§ Dataset records
__________

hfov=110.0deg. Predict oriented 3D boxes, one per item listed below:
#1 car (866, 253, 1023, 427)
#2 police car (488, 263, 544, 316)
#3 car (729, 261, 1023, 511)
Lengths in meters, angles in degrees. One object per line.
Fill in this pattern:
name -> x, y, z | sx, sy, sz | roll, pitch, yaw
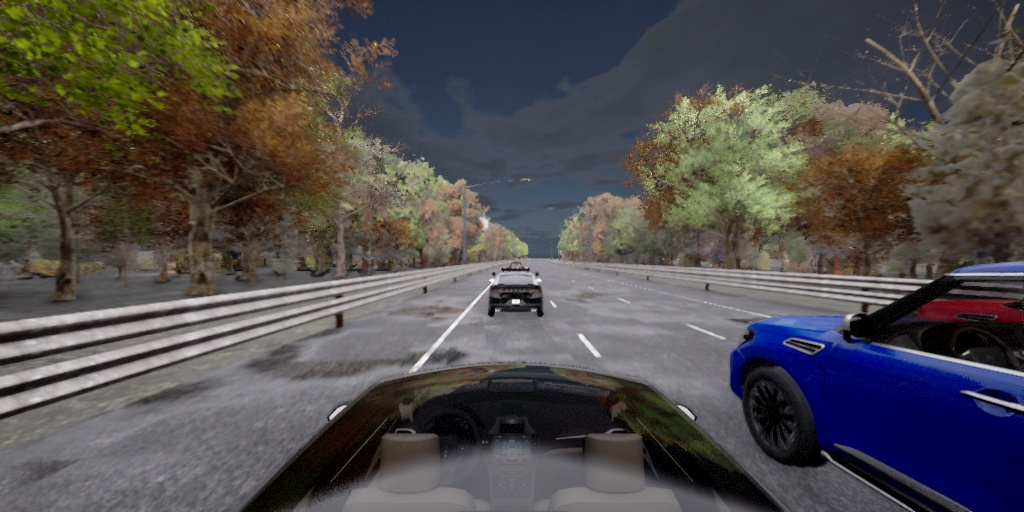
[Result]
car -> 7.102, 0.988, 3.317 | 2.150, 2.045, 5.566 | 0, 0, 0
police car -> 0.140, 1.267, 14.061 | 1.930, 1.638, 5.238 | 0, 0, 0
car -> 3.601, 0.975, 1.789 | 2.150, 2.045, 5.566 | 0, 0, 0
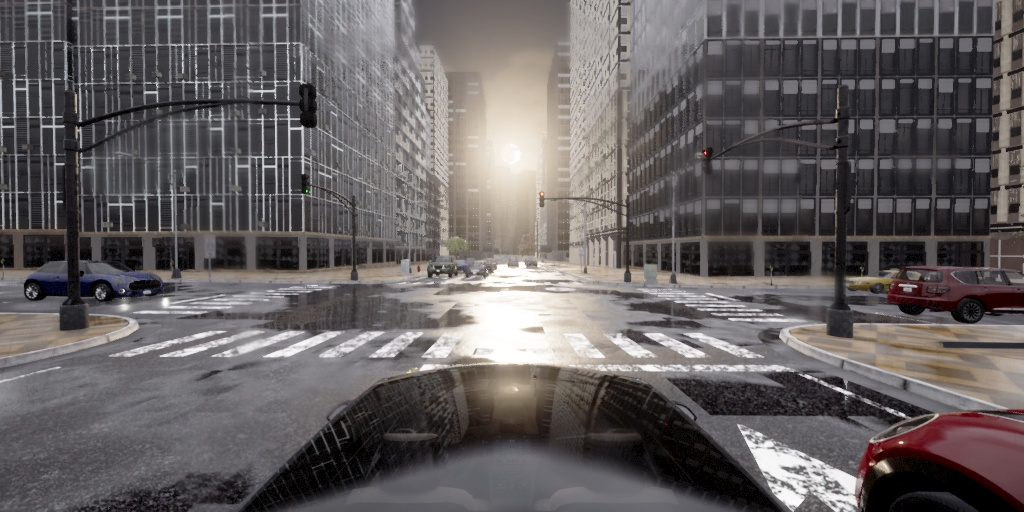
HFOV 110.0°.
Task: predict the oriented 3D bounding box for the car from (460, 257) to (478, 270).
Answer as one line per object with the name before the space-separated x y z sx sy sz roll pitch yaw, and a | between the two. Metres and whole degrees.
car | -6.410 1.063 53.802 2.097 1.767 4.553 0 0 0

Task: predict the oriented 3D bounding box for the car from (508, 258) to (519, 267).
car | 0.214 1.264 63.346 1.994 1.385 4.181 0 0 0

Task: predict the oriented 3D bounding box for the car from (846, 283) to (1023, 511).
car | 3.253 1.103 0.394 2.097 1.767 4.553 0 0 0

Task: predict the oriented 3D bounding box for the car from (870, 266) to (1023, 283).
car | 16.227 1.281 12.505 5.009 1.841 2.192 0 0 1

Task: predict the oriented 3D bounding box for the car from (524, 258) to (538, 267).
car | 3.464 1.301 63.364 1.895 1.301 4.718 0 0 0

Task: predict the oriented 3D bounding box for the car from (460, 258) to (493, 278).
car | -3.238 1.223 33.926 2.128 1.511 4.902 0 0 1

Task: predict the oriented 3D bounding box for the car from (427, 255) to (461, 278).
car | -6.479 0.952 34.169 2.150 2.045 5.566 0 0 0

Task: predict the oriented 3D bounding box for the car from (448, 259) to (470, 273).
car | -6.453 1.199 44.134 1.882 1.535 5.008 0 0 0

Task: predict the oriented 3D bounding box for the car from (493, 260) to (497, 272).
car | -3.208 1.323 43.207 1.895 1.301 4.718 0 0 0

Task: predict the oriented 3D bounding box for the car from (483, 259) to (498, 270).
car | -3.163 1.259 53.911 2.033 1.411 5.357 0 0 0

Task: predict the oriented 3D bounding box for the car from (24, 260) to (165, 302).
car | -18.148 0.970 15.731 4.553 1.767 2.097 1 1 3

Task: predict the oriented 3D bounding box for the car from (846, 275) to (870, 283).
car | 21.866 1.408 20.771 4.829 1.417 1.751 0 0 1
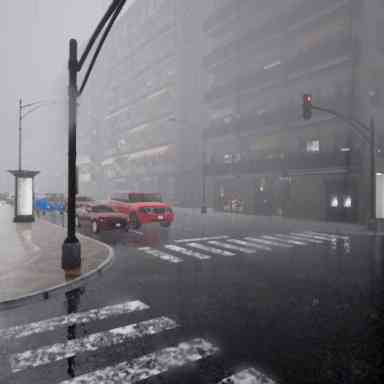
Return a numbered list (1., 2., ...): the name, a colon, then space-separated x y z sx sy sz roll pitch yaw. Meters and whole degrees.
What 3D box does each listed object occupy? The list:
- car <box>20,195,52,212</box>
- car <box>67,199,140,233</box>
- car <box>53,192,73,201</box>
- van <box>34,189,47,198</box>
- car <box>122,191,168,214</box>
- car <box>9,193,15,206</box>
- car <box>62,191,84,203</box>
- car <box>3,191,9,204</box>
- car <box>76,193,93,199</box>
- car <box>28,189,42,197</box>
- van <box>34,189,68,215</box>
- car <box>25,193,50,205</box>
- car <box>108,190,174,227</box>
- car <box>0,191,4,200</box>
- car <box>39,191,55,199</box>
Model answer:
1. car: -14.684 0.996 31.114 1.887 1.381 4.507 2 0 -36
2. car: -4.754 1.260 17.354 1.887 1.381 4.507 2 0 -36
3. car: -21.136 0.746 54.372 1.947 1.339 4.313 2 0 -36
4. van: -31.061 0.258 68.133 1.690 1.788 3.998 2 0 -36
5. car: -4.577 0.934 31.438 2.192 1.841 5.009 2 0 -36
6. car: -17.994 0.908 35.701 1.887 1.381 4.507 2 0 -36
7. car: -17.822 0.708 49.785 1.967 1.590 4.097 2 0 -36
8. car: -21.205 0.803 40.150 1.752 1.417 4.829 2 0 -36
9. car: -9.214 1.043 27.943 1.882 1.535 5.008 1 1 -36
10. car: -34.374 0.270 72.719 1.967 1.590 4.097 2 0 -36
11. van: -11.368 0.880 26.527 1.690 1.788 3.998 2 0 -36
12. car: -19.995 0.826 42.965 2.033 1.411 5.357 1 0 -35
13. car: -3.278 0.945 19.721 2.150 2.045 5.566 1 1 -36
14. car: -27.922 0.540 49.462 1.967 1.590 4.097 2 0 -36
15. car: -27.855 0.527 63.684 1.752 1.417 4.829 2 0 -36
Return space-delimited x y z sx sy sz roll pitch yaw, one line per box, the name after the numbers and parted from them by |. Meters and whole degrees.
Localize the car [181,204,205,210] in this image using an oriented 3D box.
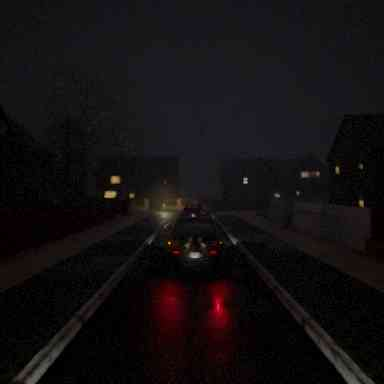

__________

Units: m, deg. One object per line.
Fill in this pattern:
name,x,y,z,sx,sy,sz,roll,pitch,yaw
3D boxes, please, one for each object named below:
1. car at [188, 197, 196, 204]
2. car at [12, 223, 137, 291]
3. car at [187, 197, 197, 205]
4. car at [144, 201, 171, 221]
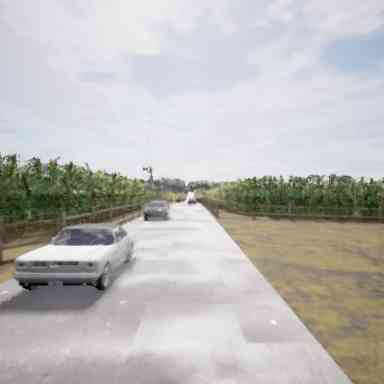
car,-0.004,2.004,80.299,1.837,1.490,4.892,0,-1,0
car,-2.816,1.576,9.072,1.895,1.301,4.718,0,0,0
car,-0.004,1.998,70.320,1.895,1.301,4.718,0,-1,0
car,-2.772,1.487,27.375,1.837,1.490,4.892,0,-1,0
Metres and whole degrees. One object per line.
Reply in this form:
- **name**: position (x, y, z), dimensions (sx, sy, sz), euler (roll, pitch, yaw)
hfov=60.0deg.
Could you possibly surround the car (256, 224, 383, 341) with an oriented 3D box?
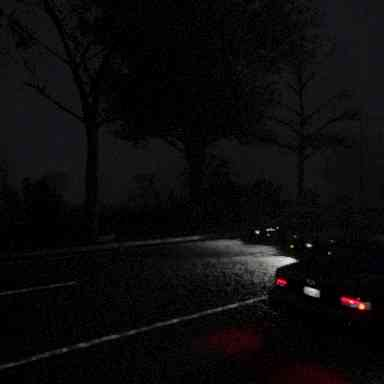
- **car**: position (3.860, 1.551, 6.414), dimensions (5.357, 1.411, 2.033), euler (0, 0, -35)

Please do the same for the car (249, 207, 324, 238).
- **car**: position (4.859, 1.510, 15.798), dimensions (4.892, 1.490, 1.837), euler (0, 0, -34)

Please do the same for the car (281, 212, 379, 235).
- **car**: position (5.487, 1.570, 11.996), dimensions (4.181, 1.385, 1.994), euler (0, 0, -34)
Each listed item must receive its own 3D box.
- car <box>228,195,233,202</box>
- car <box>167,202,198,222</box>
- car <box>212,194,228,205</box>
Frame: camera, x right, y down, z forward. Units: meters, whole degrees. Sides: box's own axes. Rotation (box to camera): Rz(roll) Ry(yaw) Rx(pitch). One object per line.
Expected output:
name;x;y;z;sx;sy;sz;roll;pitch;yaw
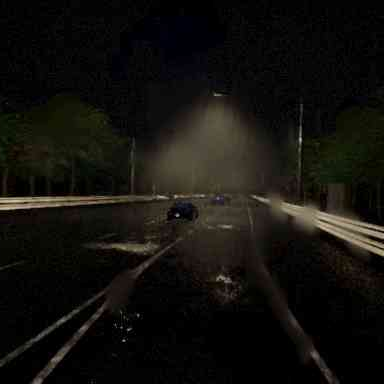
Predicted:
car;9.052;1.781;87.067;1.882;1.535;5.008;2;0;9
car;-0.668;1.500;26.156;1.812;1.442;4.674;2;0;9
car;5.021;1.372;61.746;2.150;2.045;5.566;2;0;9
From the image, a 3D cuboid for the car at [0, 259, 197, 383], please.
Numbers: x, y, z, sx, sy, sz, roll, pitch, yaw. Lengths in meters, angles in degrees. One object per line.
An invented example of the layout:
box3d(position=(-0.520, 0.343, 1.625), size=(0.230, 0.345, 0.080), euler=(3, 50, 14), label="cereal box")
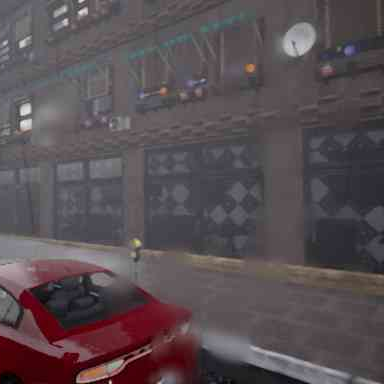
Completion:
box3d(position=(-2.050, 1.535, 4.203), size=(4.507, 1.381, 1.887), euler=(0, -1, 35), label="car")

__________

Using the entries shown above, reproduce verbatim the lines from the line bearing "- car <box>167,202,198,222</box>" to the line bearing "name;x;y;z;sx;sy;sz;roll;pitch;yaw", inclusive.

- car <box>167,202,198,222</box>
- car <box>212,194,228,205</box>
Frame: camera, x right, y down, z forward. Units: meters, whole degrees. Sides: box's own axes. Rotation (box to camera): Rz(roll) Ry(yaw) Rx(pitch). One object per line.
Expected output:
name;x;y;z;sx;sy;sz;roll;pitch;yaw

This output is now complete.